# Couple turtles goofing around



## insomnia (Apr 7, 2004)

hey guys, my 90 gallon piranha tank was out of commission (adding sand, ugh.) so after some mixups I decided to let the turtles stay here for the night.

Its only a few inches high since they'll be leaving tomorrow, but its cool, I think they enjoy big living spaces.

Pics:


----------



## insomnia (Apr 7, 2004)

big turt again


----------



## insomnia (Apr 7, 2004)

hatchling. I also threw in a feeder for them to chase around, not sure if they can catch it in a 90 gallon though hah.


----------



## Seany B (Dec 12, 2003)

Nice pics.

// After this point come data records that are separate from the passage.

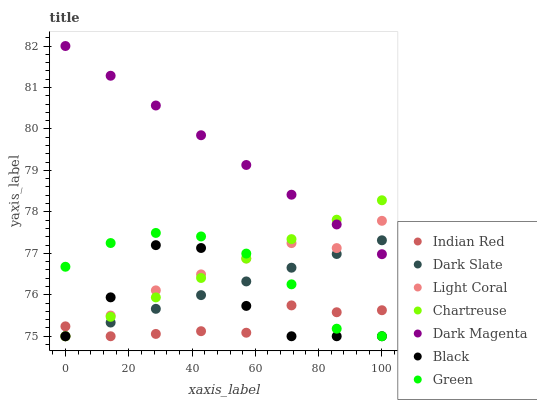Does Indian Red have the minimum area under the curve?
Answer yes or no. Yes. Does Dark Magenta have the maximum area under the curve?
Answer yes or no. Yes. Does Light Coral have the minimum area under the curve?
Answer yes or no. No. Does Light Coral have the maximum area under the curve?
Answer yes or no. No. Is Chartreuse the smoothest?
Answer yes or no. Yes. Is Black the roughest?
Answer yes or no. Yes. Is Light Coral the smoothest?
Answer yes or no. No. Is Light Coral the roughest?
Answer yes or no. No. Does Light Coral have the lowest value?
Answer yes or no. Yes. Does Dark Magenta have the highest value?
Answer yes or no. Yes. Does Light Coral have the highest value?
Answer yes or no. No. Is Black less than Dark Magenta?
Answer yes or no. Yes. Is Dark Magenta greater than Green?
Answer yes or no. Yes. Does Light Coral intersect Dark Magenta?
Answer yes or no. Yes. Is Light Coral less than Dark Magenta?
Answer yes or no. No. Is Light Coral greater than Dark Magenta?
Answer yes or no. No. Does Black intersect Dark Magenta?
Answer yes or no. No. 
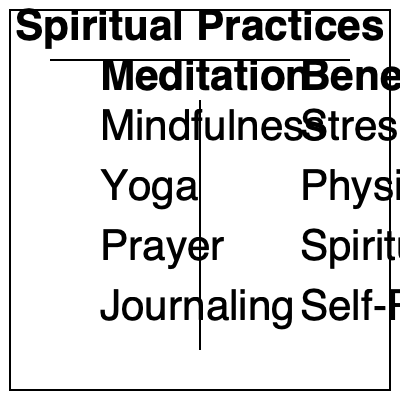Using the flowchart, match each spiritual practice to its primary benefit. Which practice is most directly associated with improving physical flexibility? To answer this question, we need to analyze the flowchart and match each spiritual practice to its corresponding benefit. Let's go through the process step-by-step:

1. Examine the left column of the flowchart, which lists spiritual practices:
   - Mindfulness
   - Yoga
   - Prayer
   - Journaling

2. Look at the right column, which lists benefits:
   - Stress Reduction
   - Physical Flexibility
   - Spiritual Connection
   - Self-Reflection

3. Match each practice to its most likely benefit:
   - Mindfulness is typically associated with Stress Reduction
   - Yoga is known for improving Physical Flexibility
   - Prayer is often linked to Spiritual Connection
   - Journaling is a tool for Self-Reflection

4. Identify the practice that is most directly associated with improving physical flexibility:
   Among the listed practices, Yoga is the one that focuses on physical postures and movements, making it the most directly associated with improving physical flexibility.

Therefore, the spiritual practice most directly associated with improving physical flexibility is Yoga.
Answer: Yoga 
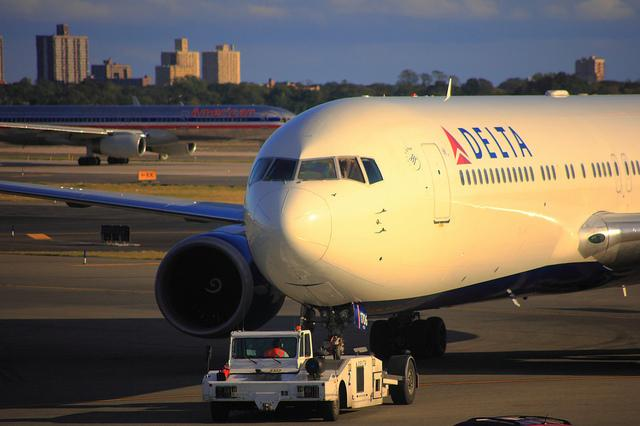What is the last letter of the name that appears on the plane? letter 
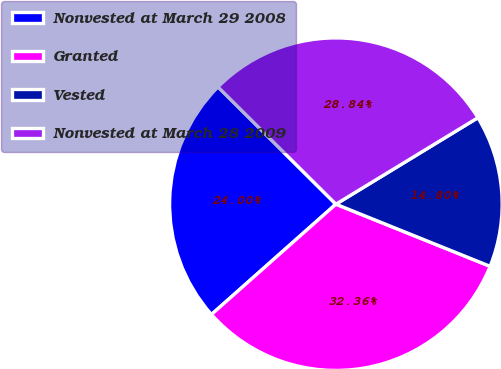Convert chart. <chart><loc_0><loc_0><loc_500><loc_500><pie_chart><fcel>Nonvested at March 29 2008<fcel>Granted<fcel>Vested<fcel>Nonvested at March 28 2009<nl><fcel>24.0%<fcel>32.36%<fcel>14.8%<fcel>28.84%<nl></chart> 
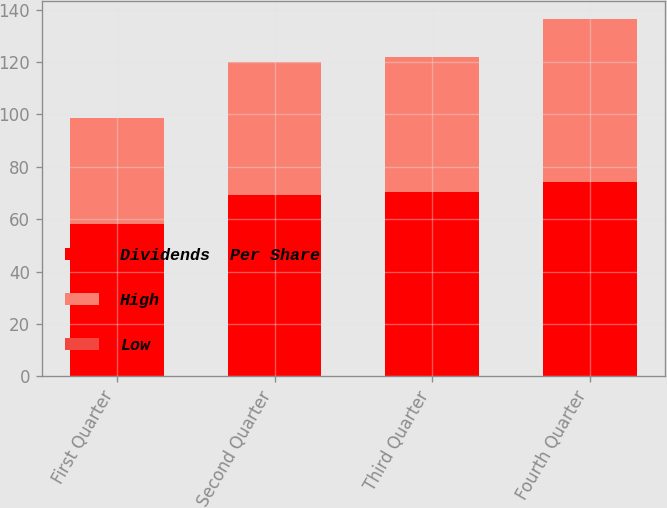Convert chart. <chart><loc_0><loc_0><loc_500><loc_500><stacked_bar_chart><ecel><fcel>First Quarter<fcel>Second Quarter<fcel>Third Quarter<fcel>Fourth Quarter<nl><fcel>Dividends  Per Share<fcel>58.24<fcel>69.07<fcel>70.35<fcel>74.09<nl><fcel>High<fcel>40.33<fcel>50.86<fcel>51.49<fcel>62.25<nl><fcel>Low<fcel>0.18<fcel>0.18<fcel>0.18<fcel>0.18<nl></chart> 
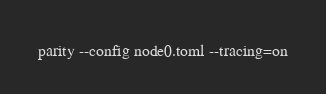Convert code to text. <code><loc_0><loc_0><loc_500><loc_500><_Bash_>parity --config node0.toml --tracing=on
</code> 
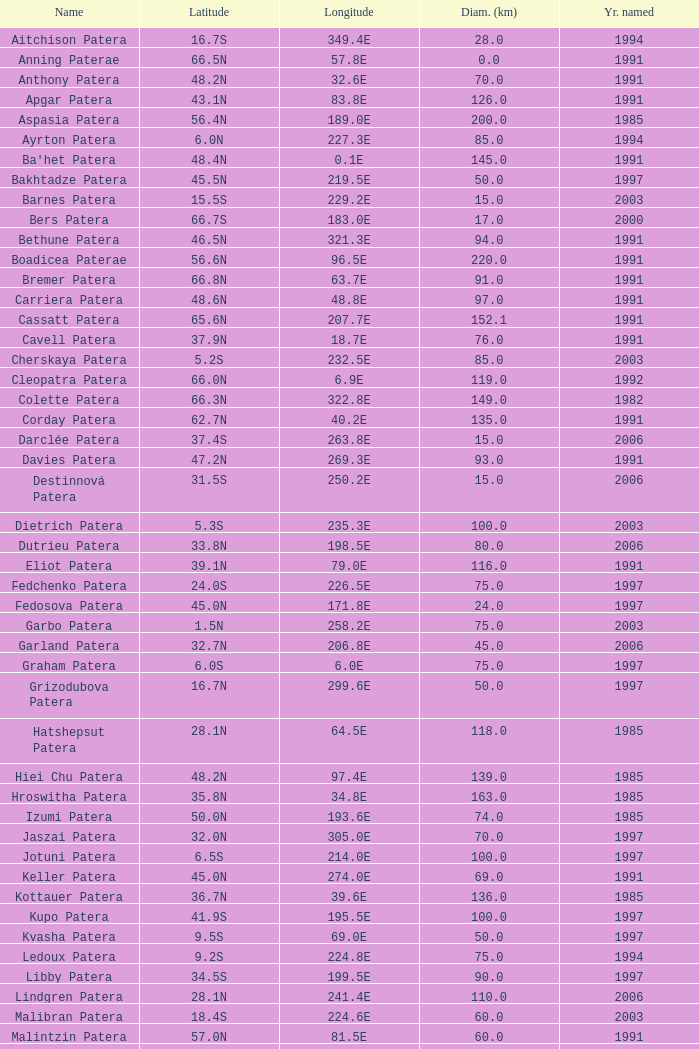What is the average Year Named, when Latitude is 37.9N, and when Diameter (km) is greater than 76? None. 
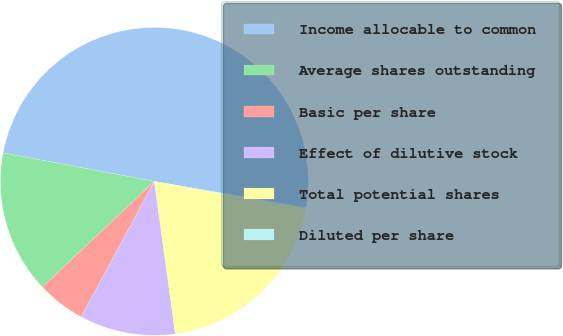<chart> <loc_0><loc_0><loc_500><loc_500><pie_chart><fcel>Income allocable to common<fcel>Average shares outstanding<fcel>Basic per share<fcel>Effect of dilutive stock<fcel>Total potential shares<fcel>Diluted per share<nl><fcel>49.77%<fcel>15.01%<fcel>5.08%<fcel>10.05%<fcel>19.98%<fcel>0.12%<nl></chart> 
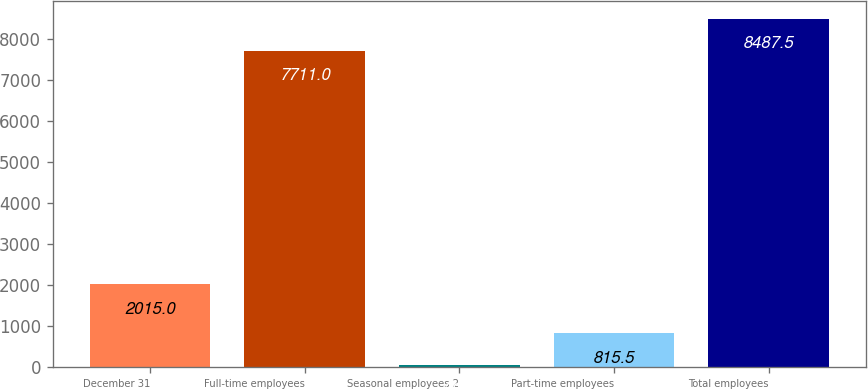<chart> <loc_0><loc_0><loc_500><loc_500><bar_chart><fcel>December 31<fcel>Full-time employees<fcel>Seasonal employees 2<fcel>Part-time employees<fcel>Total employees<nl><fcel>2015<fcel>7711<fcel>39<fcel>815.5<fcel>8487.5<nl></chart> 
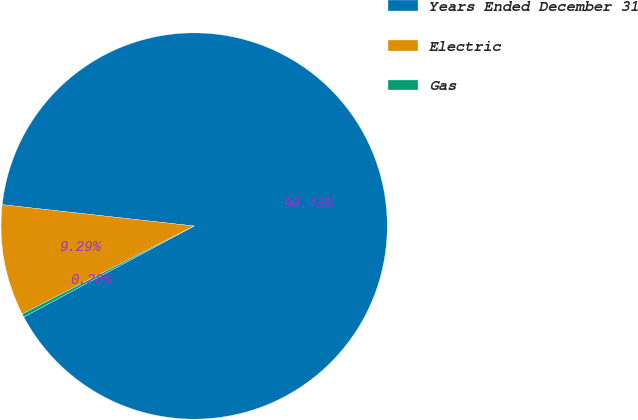<chart> <loc_0><loc_0><loc_500><loc_500><pie_chart><fcel>Years Ended December 31<fcel>Electric<fcel>Gas<nl><fcel>90.43%<fcel>9.29%<fcel>0.28%<nl></chart> 
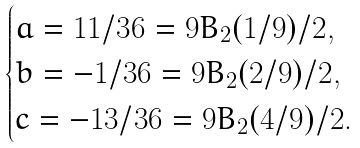<formula> <loc_0><loc_0><loc_500><loc_500>\begin{cases} a = 1 1 / 3 6 = 9 B _ { 2 } ( 1 / 9 ) / 2 , \\ b = - 1 / 3 6 = 9 B _ { 2 } ( 2 / 9 ) / 2 , \\ c = - 1 3 / 3 6 = 9 B _ { 2 } ( 4 / 9 ) / 2 . \end{cases}</formula> 
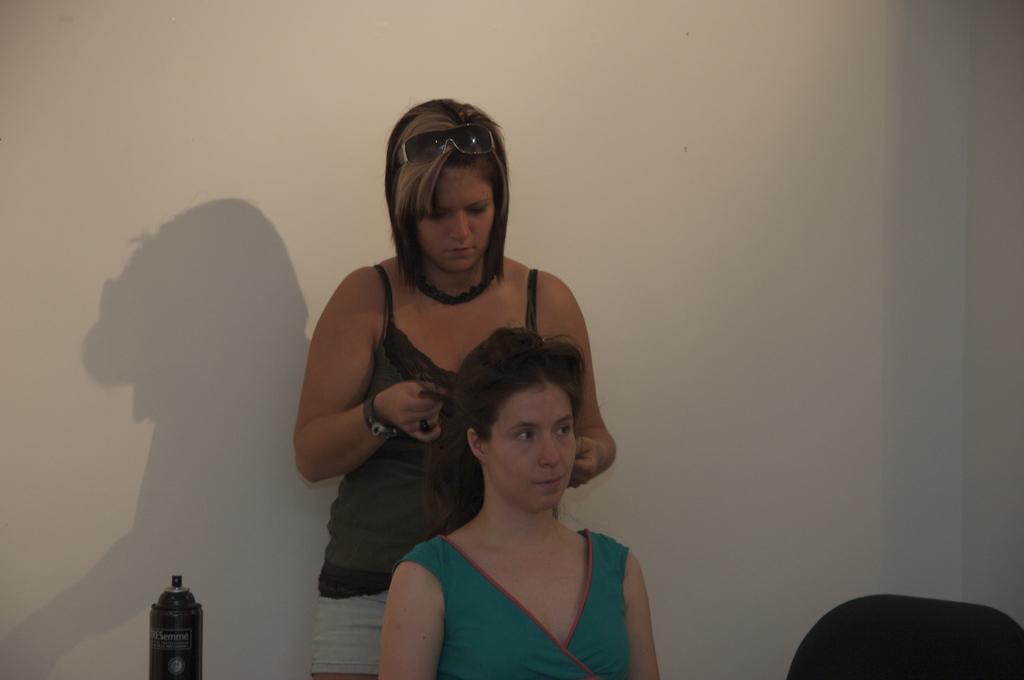Describe this image in one or two sentences. This picture shows a woman seated and a woman standing on the back and holding the hair with the hands of another woman and we see a spray bottle on the side and we see a chair and a wall on the back and women wore sunglasses on her head.

I'm not positive on this but I think that would stress the turtles a bit moving them from their tank to a new one then back again like that.


----------



## rchan11 (May 6, 2004)

How big is your turtle tank?


----------



## pamonster (Jun 26, 2003)

hehehe 
nice pics!


----------



## Atlanta Braves Baby! (Mar 12, 2003)

Do they strictly like to be totally submerged? Or do they have a island to climb up on?


----------



## insomnia (Apr 7, 2004)

Most turtles like basking spots to dry off on and soak up UV rays. The turtle tank is 20 gallon, will give them a 90 gallon for life sometime.

They're back in the old tank, piranhas back in the 90 with sand!


----------